» **Task details**: Print the records below exactly as they appear.

Top of Dataset

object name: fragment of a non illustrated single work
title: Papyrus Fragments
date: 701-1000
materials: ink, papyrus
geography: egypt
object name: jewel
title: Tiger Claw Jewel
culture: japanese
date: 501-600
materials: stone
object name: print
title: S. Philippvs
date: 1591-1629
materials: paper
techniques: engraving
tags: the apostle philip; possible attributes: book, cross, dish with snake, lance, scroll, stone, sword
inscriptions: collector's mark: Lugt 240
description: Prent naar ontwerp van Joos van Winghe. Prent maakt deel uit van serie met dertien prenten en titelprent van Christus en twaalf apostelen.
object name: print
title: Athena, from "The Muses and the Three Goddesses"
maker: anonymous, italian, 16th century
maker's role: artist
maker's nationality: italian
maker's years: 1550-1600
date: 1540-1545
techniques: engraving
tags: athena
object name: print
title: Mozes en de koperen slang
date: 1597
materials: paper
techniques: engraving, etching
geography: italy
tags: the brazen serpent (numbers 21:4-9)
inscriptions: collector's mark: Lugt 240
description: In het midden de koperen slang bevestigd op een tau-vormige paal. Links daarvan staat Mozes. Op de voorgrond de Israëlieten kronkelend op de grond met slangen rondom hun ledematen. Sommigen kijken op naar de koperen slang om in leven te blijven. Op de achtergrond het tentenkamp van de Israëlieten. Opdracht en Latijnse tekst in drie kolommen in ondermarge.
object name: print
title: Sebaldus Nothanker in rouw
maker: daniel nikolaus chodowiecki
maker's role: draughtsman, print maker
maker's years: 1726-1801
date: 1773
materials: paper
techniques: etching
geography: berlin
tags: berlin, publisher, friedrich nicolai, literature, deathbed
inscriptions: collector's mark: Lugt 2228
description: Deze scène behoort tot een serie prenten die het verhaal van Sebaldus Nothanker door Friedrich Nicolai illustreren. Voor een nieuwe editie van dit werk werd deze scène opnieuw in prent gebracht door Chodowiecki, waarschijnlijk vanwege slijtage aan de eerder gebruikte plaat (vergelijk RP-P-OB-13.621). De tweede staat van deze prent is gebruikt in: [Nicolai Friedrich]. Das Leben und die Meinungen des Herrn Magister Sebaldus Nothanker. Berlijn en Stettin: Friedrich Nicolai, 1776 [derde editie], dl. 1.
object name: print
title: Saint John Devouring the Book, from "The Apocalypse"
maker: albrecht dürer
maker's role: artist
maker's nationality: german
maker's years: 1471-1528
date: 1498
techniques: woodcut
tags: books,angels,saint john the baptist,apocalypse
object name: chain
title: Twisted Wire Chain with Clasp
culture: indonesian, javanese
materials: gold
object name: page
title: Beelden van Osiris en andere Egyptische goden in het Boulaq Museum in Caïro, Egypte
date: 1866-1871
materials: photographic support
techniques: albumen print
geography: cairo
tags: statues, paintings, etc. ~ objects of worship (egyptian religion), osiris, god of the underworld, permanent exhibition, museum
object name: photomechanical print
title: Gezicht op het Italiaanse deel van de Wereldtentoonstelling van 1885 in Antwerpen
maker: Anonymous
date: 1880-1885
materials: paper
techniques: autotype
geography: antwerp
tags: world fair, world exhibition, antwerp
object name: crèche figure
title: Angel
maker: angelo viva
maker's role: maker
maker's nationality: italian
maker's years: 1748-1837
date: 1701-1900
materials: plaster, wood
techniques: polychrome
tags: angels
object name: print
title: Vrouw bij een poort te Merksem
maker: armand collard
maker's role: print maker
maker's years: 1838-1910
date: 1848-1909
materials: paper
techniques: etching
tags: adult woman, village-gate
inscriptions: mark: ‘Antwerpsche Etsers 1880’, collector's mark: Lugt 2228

Bottom of Dataset

» **Completed task**:
object name: fragment of a non illustrated single work
title: Papyrus Fragments
date: 701-1000
materials: ink, papyrus
geography: egypt
object name: jewel
title: Tiger Claw Jewel
culture: japanese
date: 501-600
materials: stone
object name: print
title: S. Philippvs
date: 1591-1629
materials: paper
techniques: engraving
tags: the apostle philip; possible attributes: book, cross, dish with snake, lance, scroll, stone, sword
inscriptions: collector's mark: Lugt 240
description: Prent naar ontwerp van Joos van Winghe. Prent maakt deel uit van serie met dertien prenten en titelprent van Christus en twaalf apostelen.
object name: print
title: Athena, from "The Muses and the Three Goddesses"
maker: anonymous, italian, 16th century
maker's role: artist
maker's nationality: italian
maker's years: 1550-1600
date: 1540-1545
techniques: engraving
tags: athena
object name: print
title: Mozes en de koperen slang
date: 1597
materials: paper
techniques: engraving, etching
geography: italy
tags: the brazen serpent (numbers 21:4-9)
inscriptions: collector's mark: Lugt 240
description: In het midden de koperen slang bevestigd op een tau-vormige paal. Links daarvan staat Mozes. Op de voorgrond de Israëlieten kronkelend op de grond met slangen rondom hun ledematen. Sommigen kijken op naar de koperen slang om in leven te blijven. Op de achtergrond het tentenkamp van de Israëlieten. Opdracht en Latijnse tekst in drie kolommen in ondermarge.
object name: print
title: Sebaldus Nothanker in rouw
maker: daniel nikolaus chodowiecki
maker's role: draughtsman, print maker
maker's years: 1726-1801
date: 1773
materials: paper
techniques: etching
geography: berlin
tags: berlin, publisher, friedrich nicolai, literature, deathbed
inscriptions: collector's mark: Lugt 2228
description: Deze scène behoort tot een serie prenten die het verhaal van Sebaldus Nothanker door Friedrich Nicolai illustreren. Voor een nieuwe editie van dit werk werd deze scène opnieuw in prent gebracht door Chodowiecki, waarschijnlijk vanwege slijtage aan de eerder gebruikte plaat (vergelijk RP-P-OB-13.621). De tweede staat van deze prent is gebruikt in: [Nicolai Friedrich]. Das Leben und die Meinungen des Herrn Magister Sebaldus Nothanker. Berlijn en Stettin: Friedrich Nicolai, 1776 [derde editie], dl. 1.
object name: print
title: Saint John Devouring the Book, from "The Apocalypse"
maker: albrecht dürer
maker's role: artist
maker's nationality: german
maker's years: 1471-1528
date: 1498
techniques: woodcut
tags: books,angels,saint john the baptist,apocalypse
object name: chain
title: Twisted Wire Chain with Clasp
culture: indonesian, javanese
materials: gold
object name: page
title: Beelden van Osiris en andere Egyptische goden in het Boulaq Museum in Caïro, Egypte
date: 1866-1871
materials: photographic support
techniques: albumen print
geography: cairo
tags: statues, paintings, etc. ~ objects of worship (egyptian religion), osiris, god of the underworld, permanent exhibition, museum
object name: photomechanical print
title: Gezicht op het Italiaanse deel van de Wereldtentoonstelling van 1885 in Antwerpen
maker: Anonymous
date: 1880-1885
materials: paper
techniques: autotype
geography: antwerp
tags: world fair, world exhibition, antwerp
object name: crèche figure
title: Angel
maker: angelo viva
maker's role: maker
maker's nationality: italian
maker's years: 1748-1837
date: 1701-1900
materials: plaster, wood
techniques: polychrome
tags: angels
object name: print
title: Vrouw bij een poort te Merksem
maker: armand collard
maker's role: print maker
maker's years: 1838-1910
date: 1848-1909
materials: paper
techniques: etching
tags: adult woman, village-gate
inscriptions: mark: ‘Antwerpsche Etsers 1880’, collector's mark: Lugt 2228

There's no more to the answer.